If profit is energy, the question isn’t “How much did I keep?”
It’s “How much more capacity did this create for everyone?”

As the boundary widens from individual → ecosystem → larger system, usable energy shifts: value creation (green) compounds, while extraction (red) depletes.
At a small scale, extraction often looks like efficiency.
You cut corners, skip documentation, or rush the project “just to ship it.”
It works - until the next person touches it. Then you pay the tax in confusion, rework, and hidden maintenance.
That’s bad profit: output that burns tomorrow’s energy for today’s win.
By contrast, a few weeks ago I wrote a short internal guide on how to access our systems at work - mostly for myself.
A few days later, new teammates used it to onboard without having to ask me questions.
That tiny artifact turned personal convenience into shared capacity.
That’s good profit: energy that outlasts direct effort.
Good profit widens capacity. It lowers activation energy, builds infrastructure, and leaves more than it takes.
Bad profit only works when the view stays narrow.
The real test of profit isn’t what you earned - it’s whose capacity grew when you did.
📎 Takeaway:
Profit that endures multiplies energy beyond you.
Bad profit ends when you stop pushing.
—🗃️—
🟦🟦🟦
Find forcing functions to turn curiosity into artifacts
There’s an article I’ve been “working on” for weeks - collecting ideas, quotes, and metaphors, hoping clarity would appear on its own.
But clarity doesn’t arrive that way. Not even an avalanche of inputs can deliver it.
What finally worked was a forcing function: one hour, one whiteboard, one marker.
Seeing everything at once revealed the structure that thinking about it never could.
That hour didn’t finish the piece but it surfaced the form it wanted to take.
That’s what forcing functions do. They’re not pressure; they’re preservation.
They’re the rituals that keep ideas alive long enough to become real.
Deadlines, drafts, teaching, publishing - these aren’t limits.
They’re scaffolds that stop curiosity from rotting in potential.
The only way I found the structure of that article was by giving it ritual - dedicating space and time to turn curiosity into form.
Not thinking about the piece, but thinking through it.
The act of doing reveals what the idea is really about.
Deadlines, commitments, publishing cycles - these aren’t artificial constraints. They’re catalytic friction. They turn the fog of scattered ideas into artifacts that can live in the world.
📎 Takeaway: Forcing functions are rituals that preserve curiosity by giving it shape.
—🗃️—
🟥🟥🟥
The first rule of compounding: never interrupt it unnecessarily
In an earlier issue of Verstreuen, I wrote about assets that compound - knowledge, relationships, habits, attention.
But compounding’s hardest part isn’t starting - it’s staying the path.
The first stretch of any compounding curve feels painfully flat.
You add notes but nothing connects.
You work out but see no change.
You publish but nobody seems to notice.
That’s when most people pivot.
But every restart erases the invisible progress that was beginning to build.

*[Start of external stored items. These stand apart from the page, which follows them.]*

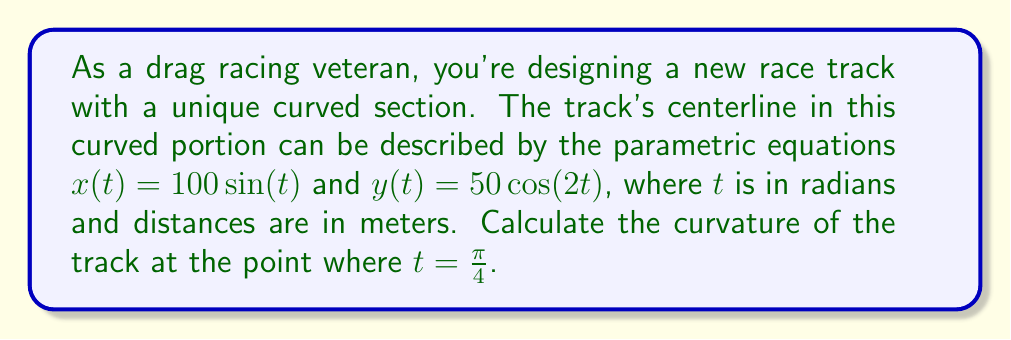Show me your answer to this math problem. To calculate the curvature of the race track using differential geometry, we'll follow these steps:

1) The curvature $\kappa$ of a parametric curve $(x(t), y(t))$ is given by:

   $$\kappa = \frac{|x'y'' - y'x''|}{(x'^2 + y'^2)^{3/2}}$$

2) Let's calculate the first and second derivatives of $x(t)$ and $y(t)$:

   $x'(t) = 100\cos(t)$
   $x''(t) = -100\sin(t)$
   $y'(t) = -100\sin(2t)$
   $y''(t) = -200\cos(2t)$

3) Now, let's substitute $t = \frac{\pi}{4}$ into these expressions:

   $x'(\frac{\pi}{4}) = 100\cos(\frac{\pi}{4}) = 100 \cdot \frac{\sqrt{2}}{2} = 50\sqrt{2}$
   $x''(\frac{\pi}{4}) = -100\sin(\frac{\pi}{4}) = -100 \cdot \frac{\sqrt{2}}{2} = -50\sqrt{2}$
   $y'(\frac{\pi}{4}) = -100\sin(\frac{\pi}{2}) = -100$
   $y''(\frac{\pi}{4}) = -200\cos(\frac{\pi}{2}) = 0$

4) Let's calculate the numerator of the curvature formula:

   $|x'y'' - y'x''| = |(50\sqrt{2} \cdot 0) - (-100 \cdot -50\sqrt{2})| = 5000\sqrt{2}$

5) Now for the denominator:

   $(x'^2 + y'^2)^{3/2} = ((50\sqrt{2})^2 + (-100)^2)^{3/2} = (5000 + 10000)^{3/2} = 15000^{3/2}$

6) Putting it all together:

   $$\kappa = \frac{5000\sqrt{2}}{15000^{3/2}} = \frac{5000\sqrt{2}}{15000 \cdot \sqrt{15000}} = \frac{\sqrt{2}}{3\sqrt{15000}}$$

This is the curvature of the track at the point where $t = \frac{\pi}{4}$.
Answer: $$\kappa = \frac{\sqrt{2}}{3\sqrt{15000}} \approx 0.00385 \text{ m}^{-1}$$ 
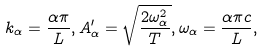<formula> <loc_0><loc_0><loc_500><loc_500>k _ { \alpha } = \frac { \alpha \pi } { L } , A ^ { \prime } _ { \alpha } = \sqrt { \frac { 2 \omega _ { \alpha } ^ { 2 } } { T } } , \omega _ { \alpha } = \frac { \alpha \pi c } { L } ,</formula> 
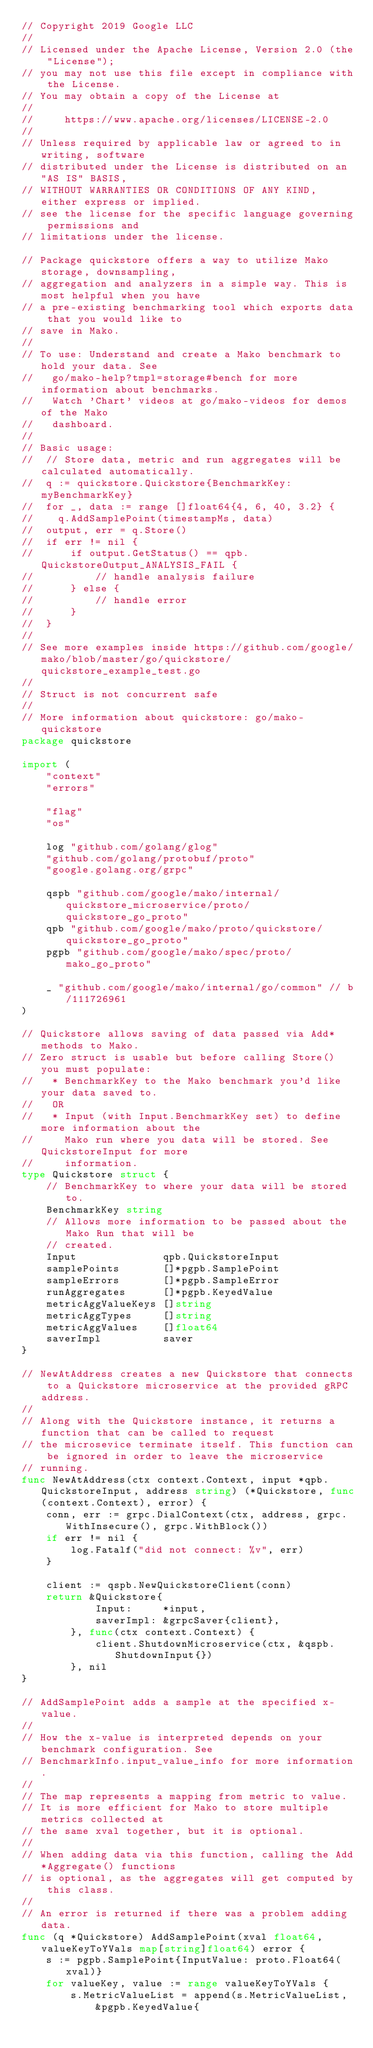<code> <loc_0><loc_0><loc_500><loc_500><_Go_>// Copyright 2019 Google LLC
//
// Licensed under the Apache License, Version 2.0 (the "License");
// you may not use this file except in compliance with the License.
// You may obtain a copy of the License at
//
//     https://www.apache.org/licenses/LICENSE-2.0
//
// Unless required by applicable law or agreed to in writing, software
// distributed under the License is distributed on an "AS IS" BASIS,
// WITHOUT WARRANTIES OR CONDITIONS OF ANY KIND, either express or implied.
// see the license for the specific language governing permissions and
// limitations under the license.

// Package quickstore offers a way to utilize Mako storage, downsampling,
// aggregation and analyzers in a simple way. This is most helpful when you have
// a pre-existing benchmarking tool which exports data that you would like to
// save in Mako.
//
// To use: Understand and create a Mako benchmark to hold your data. See
//   go/mako-help?tmpl=storage#bench for more information about benchmarks.
//   Watch 'Chart' videos at go/mako-videos for demos of the Mako
//   dashboard.
//
// Basic usage:
//  // Store data, metric and run aggregates will be calculated automatically.
//	q := quickstore.Quickstore{BenchmarkKey: myBenchmarkKey}
//  for _, data := range []float64{4, 6, 40, 3.2} {
//    q.AddSamplePoint(timestampMs, data)
//  output, err = q.Store()
//  if err != nil {
//		if output.GetStatus() == qpb.QuickstoreOutput_ANALYSIS_FAIL {
//			// handle analysis failure
//		} else {
//			// handle error
//		}
//  }
//
// See more examples inside https://github.com/google/mako/blob/master/go/quickstore/quickstore_example_test.go
//
// Struct is not concurrent safe
//
// More information about quickstore: go/mako-quickstore
package quickstore

import (
	"context"
	"errors"

	"flag"
	"os"

	log "github.com/golang/glog"
	"github.com/golang/protobuf/proto"
	"google.golang.org/grpc"

	qspb "github.com/google/mako/internal/quickstore_microservice/proto/quickstore_go_proto"
	qpb "github.com/google/mako/proto/quickstore/quickstore_go_proto"
	pgpb "github.com/google/mako/spec/proto/mako_go_proto"

	_ "github.com/google/mako/internal/go/common" // b/111726961
)

// Quickstore allows saving of data passed via Add* methods to Mako.
// Zero struct is usable but before calling Store() you must populate:
//   * BenchmarkKey to the Mako benchmark you'd like your data saved to.
//   OR
//   * Input (with Input.BenchmarkKey set) to define more information about the
//     Mako run where you data will be stored. See QuickstoreInput for more
//     information.
type Quickstore struct {
	// BenchmarkKey to where your data will be stored to.
	BenchmarkKey string
	// Allows more information to be passed about the Mako Run that will be
	// created.
	Input              qpb.QuickstoreInput
	samplePoints       []*pgpb.SamplePoint
	sampleErrors       []*pgpb.SampleError
	runAggregates      []*pgpb.KeyedValue
	metricAggValueKeys []string
	metricAggTypes     []string
	metricAggValues    []float64
	saverImpl          saver
}

// NewAtAddress creates a new Quickstore that connects to a Quickstore microservice at the provided gRPC address.
//
// Along with the Quickstore instance, it returns a function that can be called to request
// the microsevice terminate itself. This function can be ignored in order to leave the microservice
// running.
func NewAtAddress(ctx context.Context, input *qpb.QuickstoreInput, address string) (*Quickstore, func(context.Context), error) {
	conn, err := grpc.DialContext(ctx, address, grpc.WithInsecure(), grpc.WithBlock())
	if err != nil {
		log.Fatalf("did not connect: %v", err)
	}

	client := qspb.NewQuickstoreClient(conn)
	return &Quickstore{
			Input:     *input,
			saverImpl: &grpcSaver{client},
		}, func(ctx context.Context) {
			client.ShutdownMicroservice(ctx, &qspb.ShutdownInput{})
		}, nil
}

// AddSamplePoint adds a sample at the specified x-value.
//
// How the x-value is interpreted depends on your benchmark configuration. See
// BenchmarkInfo.input_value_info for more information.
//
// The map represents a mapping from metric to value.
// It is more efficient for Mako to store multiple metrics collected at
// the same xval together, but it is optional.
//
// When adding data via this function, calling the Add*Aggregate() functions
// is optional, as the aggregates will get computed by this class.
//
// An error is returned if there was a problem adding data.
func (q *Quickstore) AddSamplePoint(xval float64, valueKeyToYVals map[string]float64) error {
	s := pgpb.SamplePoint{InputValue: proto.Float64(xval)}
	for valueKey, value := range valueKeyToYVals {
		s.MetricValueList = append(s.MetricValueList,
			&pgpb.KeyedValue{</code>

When I first built my Zettelkasten, each note felt isolated - fragments without a pattern.
But one day, two old notes connected unexpectedly, and something clicked.
The system had begun to think with me.
That moment only came because I didn’t quit during the flat part of the curve.

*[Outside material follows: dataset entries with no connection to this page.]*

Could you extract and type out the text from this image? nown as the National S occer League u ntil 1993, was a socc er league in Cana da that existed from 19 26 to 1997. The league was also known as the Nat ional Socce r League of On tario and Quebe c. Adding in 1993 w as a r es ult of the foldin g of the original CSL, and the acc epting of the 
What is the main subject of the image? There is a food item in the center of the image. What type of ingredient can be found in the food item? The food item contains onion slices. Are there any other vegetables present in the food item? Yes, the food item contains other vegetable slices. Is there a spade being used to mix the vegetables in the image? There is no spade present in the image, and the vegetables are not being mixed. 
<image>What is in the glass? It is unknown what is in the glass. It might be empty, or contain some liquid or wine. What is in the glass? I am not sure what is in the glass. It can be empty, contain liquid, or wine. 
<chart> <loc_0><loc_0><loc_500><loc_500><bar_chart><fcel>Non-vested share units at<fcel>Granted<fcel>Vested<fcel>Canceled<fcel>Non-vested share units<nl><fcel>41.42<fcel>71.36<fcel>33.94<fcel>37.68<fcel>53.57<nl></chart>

Compounding rewards patience - the willingness to keep showing up before the payoff appears.
Because once it does, momentum turns to leverage.
Each note sharpens the next.
Each connection multiplies the last.
📎 Takeaway: Every compounding system has a fragile phase. Protect it.
Don’t restart the cycle just because you can’t see the curve yet.
—🗃️—
🟨🟦🟥 WorkFrame Zettelkasten
Want your ideas to start thinking with you?
Get the Zettelkasten Toolbox - build a durable knowledge graph in Notion and give your curiosity a system that compounds.
👉 useworkframe.com/products/zettelkasten

Closing Thoughts
Creation is a system, not a spark.
First you learn to build work that adds energy instead of consuming it.
Then you learn to give that energy form through ritual and friction.
And finally, you learn to stay with it - long enough for the system to start creating with you.
The real curve isn’t profit, or clarity, or even compounding.
It’s the shift from chasing ideas to building engines that keep generating them.